### Exercise brief
Could you copy the records below exactly, leaving out any pictures?

### Data to examine
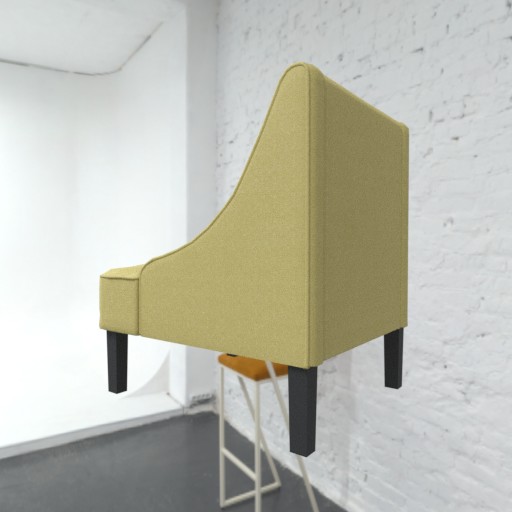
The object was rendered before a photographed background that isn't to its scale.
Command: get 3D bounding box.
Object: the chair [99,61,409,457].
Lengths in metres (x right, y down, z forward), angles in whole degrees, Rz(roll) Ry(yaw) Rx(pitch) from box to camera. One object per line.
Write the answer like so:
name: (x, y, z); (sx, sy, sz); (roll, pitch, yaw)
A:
chair: (0.000, 0.000, 1.489); (0.814, 0.896, 0.696); (1, 2, 37)
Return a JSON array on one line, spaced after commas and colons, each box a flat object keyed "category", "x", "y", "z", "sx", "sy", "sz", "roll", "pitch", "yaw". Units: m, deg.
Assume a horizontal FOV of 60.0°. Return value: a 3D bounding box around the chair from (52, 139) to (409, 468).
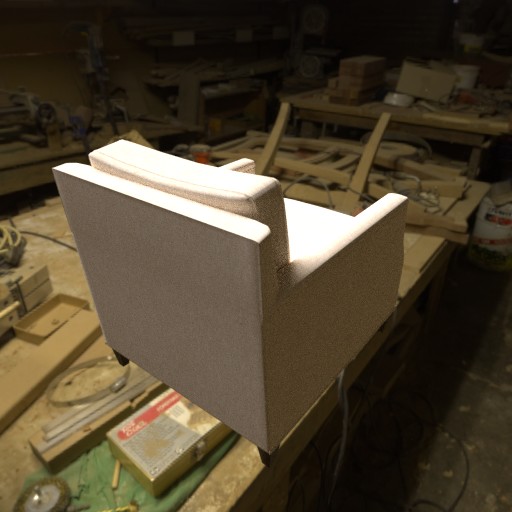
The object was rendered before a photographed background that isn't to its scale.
[{"category": "chair", "x": 0.000, "y": 0.000, "z": 1.725, "sx": 0.838, "sy": 0.940, "sz": 1.041, "roll": 21, "pitch": 35, "yaw": 33}]

### Output
The object was rendered before a photographed background that isn't to its scale.
Command: get 3D bounding box.
Object: the chair [99,61,409,457].
Lengths in metres (x right, y down, z forward), angles in whole degrees, Rz(roll) Ry(yaw) Rx(pitch) from box to camera. One object per line.
Write the answer like so:
name: (x, y, z); (sx, sy, sz); (roll, pitch, yaw)
A:
chair: (0.000, 0.000, 1.489); (0.814, 0.896, 0.696); (1, 2, 37)
Return a JSON array on one line, spaced after commas and colons, each box a flat object keyed "category", "x", "y", "z", "sx", "sy", "sz", "roll", "pitch", "yaw". Units: m, deg.
Assume a horizontal FOV of 60.0°. Return value: a 3D bounding box around the chair from (52, 139) to (409, 468).
The object was rendered before a photographed background that isn't to its scale.
[{"category": "chair", "x": 0.000, "y": 0.000, "z": 1.725, "sx": 0.838, "sy": 0.940, "sz": 1.041, "roll": 21, "pitch": 35, "yaw": 33}]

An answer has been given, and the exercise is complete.